TEMPO.CO, Yerusalem – Perdana Menteri Israel, Benjamin Netanyahu, mengungkapkan kekecewaannya karena rivalnya dalam pemilihan umum yaitu mantan Jenderal Benny Gantz, menolak tawaran kerja sama membentuk pemerintahan.
“Saya terkejut dan kecewa karena Benny Gantz masih menolak ajakan saya untuk bertemu. Gantz, tawaran saya untuk bertemu masih berlaku. Itu yang diharapkan publik,” kata Netanyahu lewat cuitan di Twitter seperti dilansir Reuters pada Kamis, 19 September 2019.
Menanggapi ini, Gantz, yang diusung Partai Biru dan Putih, mengatakan dia akan memimpin sebuah koalisi liberal.

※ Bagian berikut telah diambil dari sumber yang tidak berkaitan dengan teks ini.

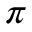Convert formula to latex. <formula><loc_0><loc_0><loc_500><loc_500>\pi</formula> 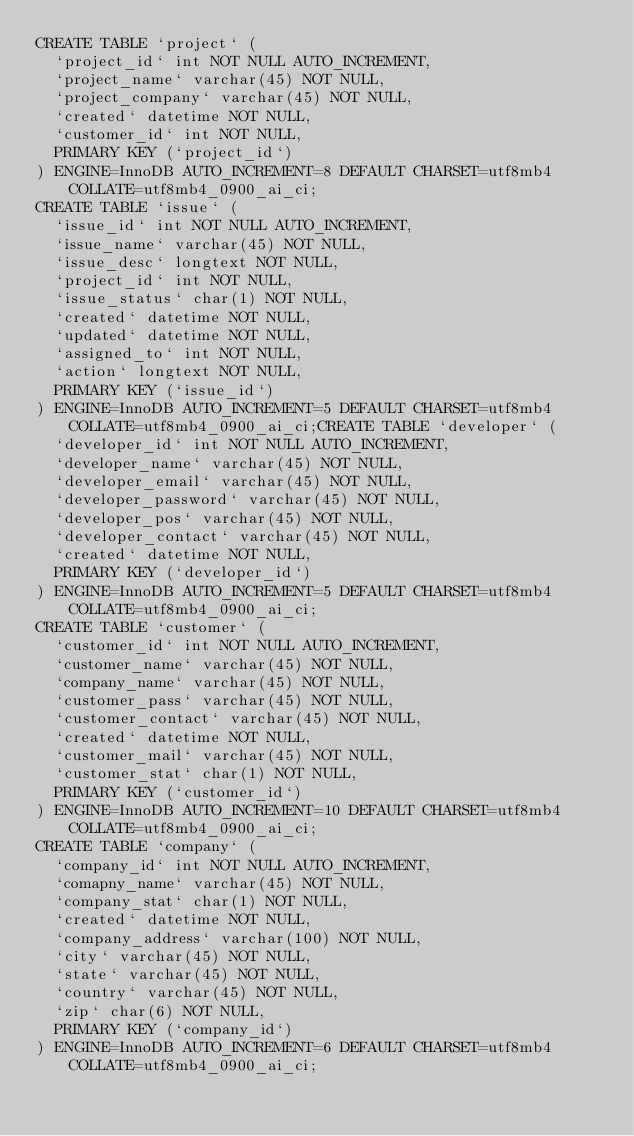<code> <loc_0><loc_0><loc_500><loc_500><_SQL_>CREATE TABLE `project` (
  `project_id` int NOT NULL AUTO_INCREMENT,
  `project_name` varchar(45) NOT NULL,
  `project_company` varchar(45) NOT NULL,
  `created` datetime NOT NULL,
  `customer_id` int NOT NULL,
  PRIMARY KEY (`project_id`)
) ENGINE=InnoDB AUTO_INCREMENT=8 DEFAULT CHARSET=utf8mb4 COLLATE=utf8mb4_0900_ai_ci;
CREATE TABLE `issue` (
  `issue_id` int NOT NULL AUTO_INCREMENT,
  `issue_name` varchar(45) NOT NULL,
  `issue_desc` longtext NOT NULL,
  `project_id` int NOT NULL,
  `issue_status` char(1) NOT NULL,
  `created` datetime NOT NULL,
  `updated` datetime NOT NULL,
  `assigned_to` int NOT NULL,
  `action` longtext NOT NULL,
  PRIMARY KEY (`issue_id`)
) ENGINE=InnoDB AUTO_INCREMENT=5 DEFAULT CHARSET=utf8mb4 COLLATE=utf8mb4_0900_ai_ci;CREATE TABLE `developer` (
  `developer_id` int NOT NULL AUTO_INCREMENT,
  `developer_name` varchar(45) NOT NULL,
  `developer_email` varchar(45) NOT NULL,
  `developer_password` varchar(45) NOT NULL,
  `developer_pos` varchar(45) NOT NULL,
  `developer_contact` varchar(45) NOT NULL,
  `created` datetime NOT NULL,
  PRIMARY KEY (`developer_id`)
) ENGINE=InnoDB AUTO_INCREMENT=5 DEFAULT CHARSET=utf8mb4 COLLATE=utf8mb4_0900_ai_ci;
CREATE TABLE `customer` (
  `customer_id` int NOT NULL AUTO_INCREMENT,
  `customer_name` varchar(45) NOT NULL,
  `company_name` varchar(45) NOT NULL,
  `customer_pass` varchar(45) NOT NULL,
  `customer_contact` varchar(45) NOT NULL,
  `created` datetime NOT NULL,
  `customer_mail` varchar(45) NOT NULL,
  `customer_stat` char(1) NOT NULL,
  PRIMARY KEY (`customer_id`)
) ENGINE=InnoDB AUTO_INCREMENT=10 DEFAULT CHARSET=utf8mb4 COLLATE=utf8mb4_0900_ai_ci;
CREATE TABLE `company` (
  `company_id` int NOT NULL AUTO_INCREMENT,
  `comapny_name` varchar(45) NOT NULL,
  `company_stat` char(1) NOT NULL,
  `created` datetime NOT NULL,
  `company_address` varchar(100) NOT NULL,
  `city` varchar(45) NOT NULL,
  `state` varchar(45) NOT NULL,
  `country` varchar(45) NOT NULL,
  `zip` char(6) NOT NULL,
  PRIMARY KEY (`company_id`)
) ENGINE=InnoDB AUTO_INCREMENT=6 DEFAULT CHARSET=utf8mb4 COLLATE=utf8mb4_0900_ai_ci;

</code>

Ini artinya, dia ingin membentuk koalisi pemerintahan tanpa melibatkan partai ultra-Orthodox, yang selama ini menjadi sekutu Partai Likud, yang mengusung Netanyahu.
Menurut Gantz, warga Israel merasa ingin melihat terbentuknya pemerintah bersatu yang mengakhiri ketidakpastian politik seperti selama ini.

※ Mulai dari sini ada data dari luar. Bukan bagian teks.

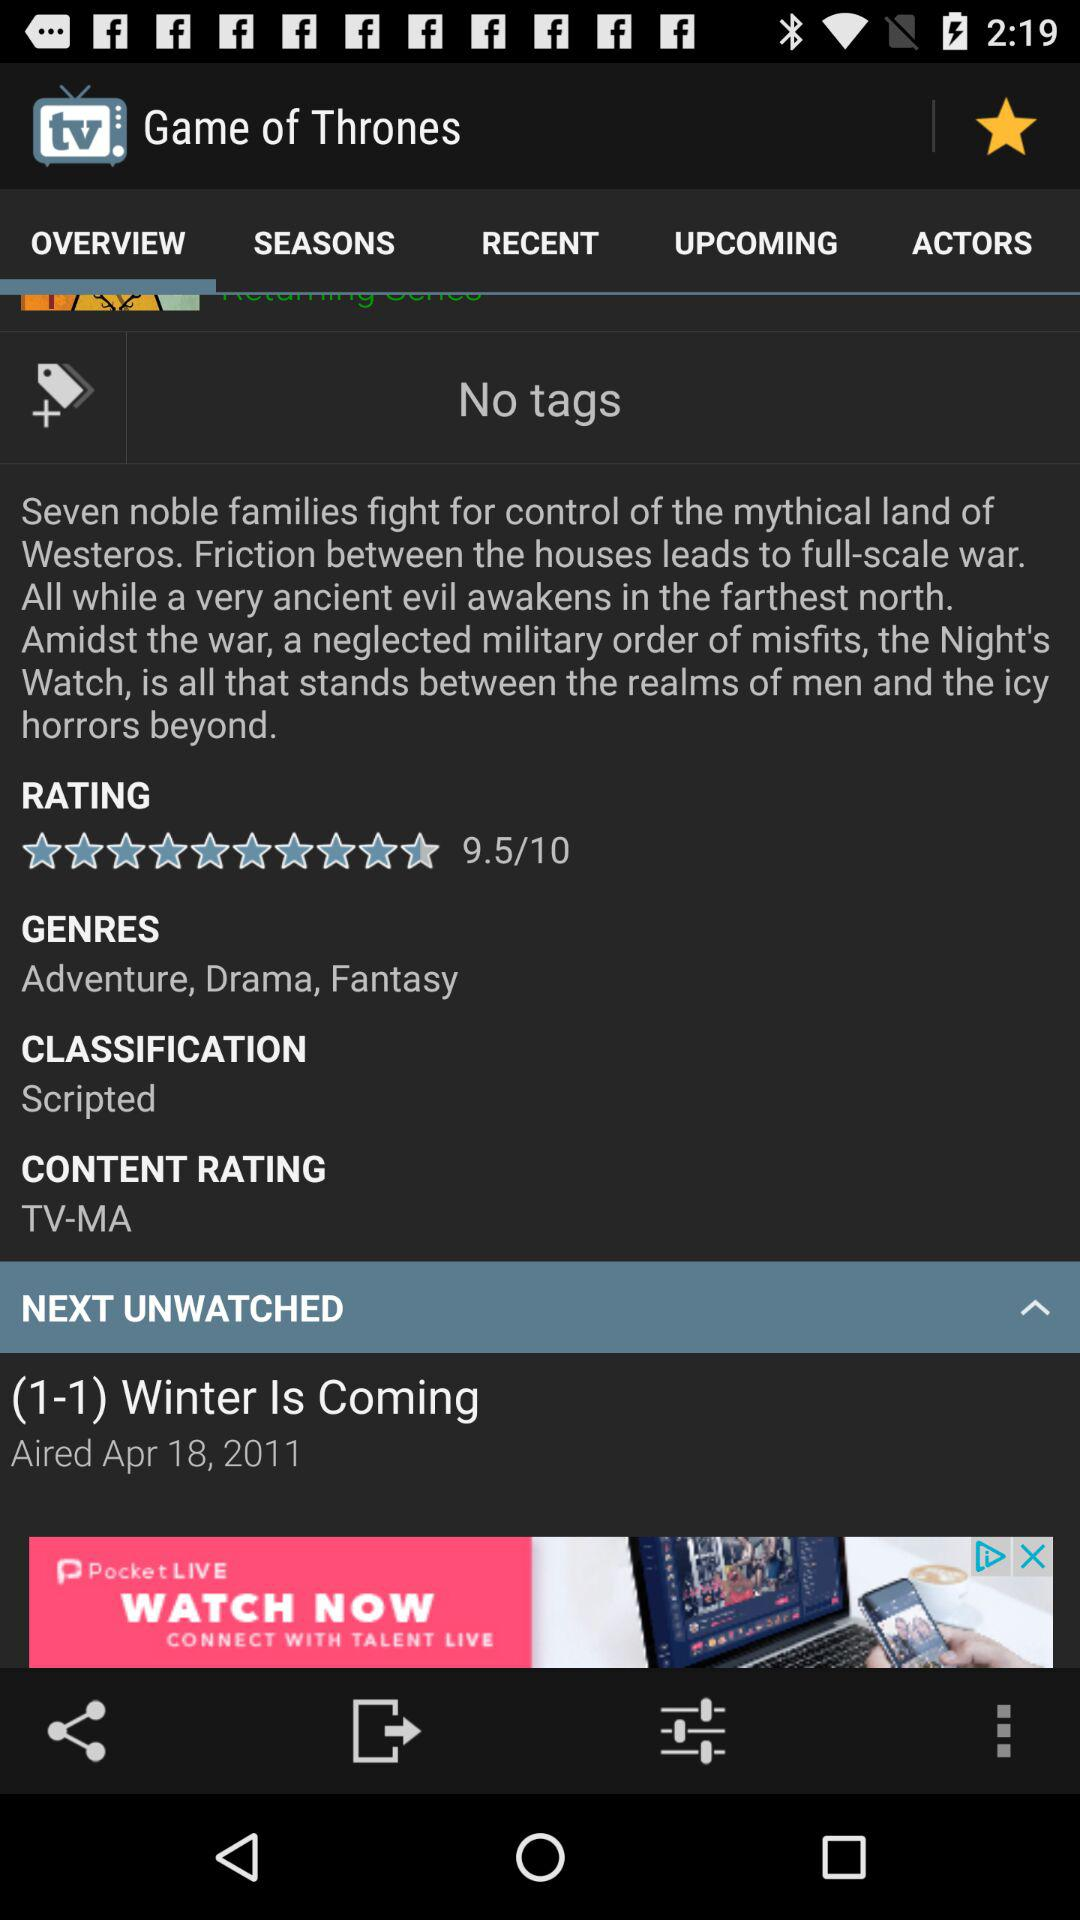What is the classification? The classification is "Scripted".

Gantz lalu meminta kepada sekutu politiknya yaitu Moshe Yaalon, yang juga rekan separtai, untuk menyampaikan penolakan atas ajakan kerja sama oleh Netanyahu. Dia menyebut alasan adanya dakwaan korupsi yang menimpa Netanyahu.
“Kami tidak akan memasuki koalisi yang dipimpin Netanyahu,” kata Yaalon, yang menyuarakan sikap Gantz. Dia juga mengisyaratkan koalisi dengan Partai Likud memungkinkan tanpa Netanyahu.
“Waktunya telah tiba bagi Anda untuk memberi tahu Netanyahu ‘terima kasih atas semua yang sudah Anda lakukan,’” kata Yaalon.
Kampanye oleh Netanyahu, 69 tahun, dan Gantz, 60 tahun, hanya menunjukkan sedikit perbedaan dalam sejumlah isu penting. Berakhirnya era Netanyahu tidak akan membawa perubahan signifikan terhadap kebijakan dan relasi dengan AS, serta perlawanan melawan Iran atau konflik Palestina.
Media Israel melaporkan penghitungan suara telah mencapai 95 persen. Sayap kanan Likud yang mengusung Netanyahu kemungkinan bisa mengontrol 55 dari 120 kursi di parlemen, dengn 56 kursi mengarah ke aliansi kiri dan tengah.